*Your objective:* Return the lines below that contain the word "postes".
---------- Task inputs ----------
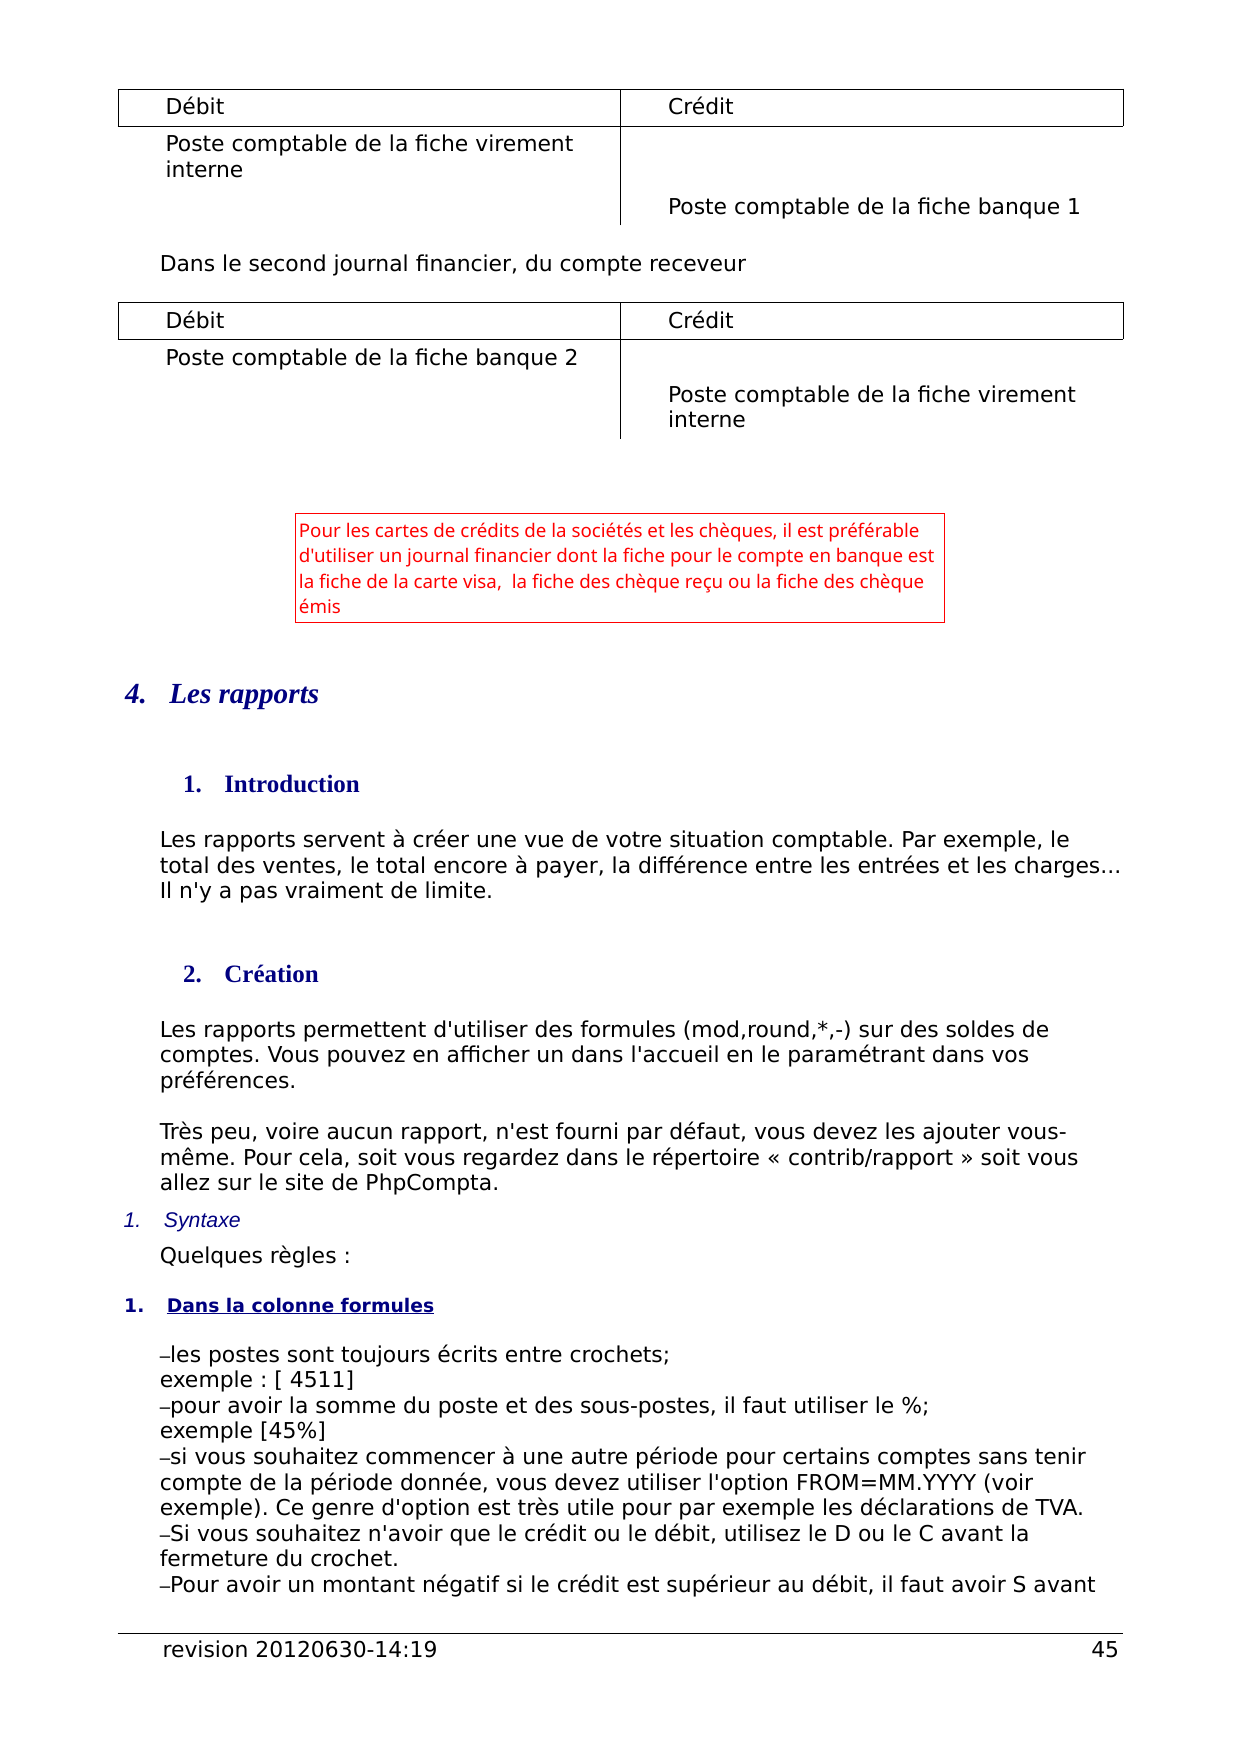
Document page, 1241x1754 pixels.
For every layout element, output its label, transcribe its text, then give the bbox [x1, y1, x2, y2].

list si vous souhaitez commencer à une autre période pour certains comptes sans tenir compte de la période donnée, vous devez utiliser l'option FROM=MM.YYYY (voir exemple). Ce genre d'option est très utile pour par exemple les déclarations de TVA. [159, 1444, 1123, 1521]
list les postes sont toujours écrits entre crochets; exemple : [ 4511] [159, 1342, 1123, 1393]
subtitle Création [177, 959, 1123, 987]
subtitle Syntaxe [117, 1207, 1123, 1232]
subtitle Les rapports [117, 676, 1123, 710]
table_header Crédit [621, 303, 1123, 339]
list Pour avoir un montant négatif si le crédit est supérieur au débit, il faut avoir S avant [159, 1572, 1123, 1597]
subtitle Introduction [177, 769, 1123, 798]
text Les rapports servent à créer une vue de votre situation comptable. Par exemple, le total des ventes, le total encore à payer, la différence entre les entrées et les charges... Il n'y a pas vraiment de limite. [159, 827, 1123, 904]
text Très peu, voire aucun rapport, n'est fourni par défaut, vous devez les ajouter vous-même. Pour cela, soit vous regardez dans le répertoire « contrib/rapport » soit vous allez sur le site de PhpCompta. [159, 1119, 1123, 1196]
text Les rapports permettent d'utiliser des formules (mod,round,*,-) sur des soldes de comptes. Vous pouvez en afficher un dans l'accueil en le paramétrant dans vos préférences. [159, 1017, 1123, 1093]
list Si vous souhaitez n'avoir que le crédit ou le débit, utilisez le D ou le C avant la fermeture du crochet. [159, 1521, 1123, 1572]
table_cell [118, 188, 620, 225]
table_cell Poste comptable de la fiche virement interne [118, 127, 620, 188]
table_header Crédit [621, 90, 1123, 126]
table_header Débit [119, 303, 620, 339]
table_cell Poste comptable de la fiche virement interne [621, 376, 1123, 439]
table_header Débit [119, 90, 620, 126]
table_cell [118, 376, 620, 439]
text Pour les cartes de crédits de la sociétés et les chèques, il est préférable d'utiliser un journal financier dont la fiche pour le compte en banque est la fiche de la carte visa, la fiche des chèque reçu ou la fiche des chèque émis [296, 514, 944, 622]
table_cell Poste comptable de la fiche banque 1 [621, 188, 1123, 225]
list pour avoir la somme du poste et des sous-postes, il faut utiliser le %; exemple [45%] [159, 1393, 1123, 1444]
table_cell Poste comptable de la fiche banque 2 [118, 340, 620, 376]
subtitle Dans la colonne formules [117, 1295, 1123, 1317]
text Quelques règles : [159, 1244, 1123, 1269]
table_cell [621, 340, 1123, 376]
text Dans le second journal financier, du compte receveur [159, 251, 1123, 276]
table_cell [621, 127, 1123, 188]
----------
*Exercise output:*
list les postes sont toujours écrits entre crochets; exemple : [ 4511] [159, 1342, 1123, 1393]
list pour avoir la somme du poste et des sous-postes, il faut utiliser le %; exemple [45%] [159, 1393, 1123, 1444]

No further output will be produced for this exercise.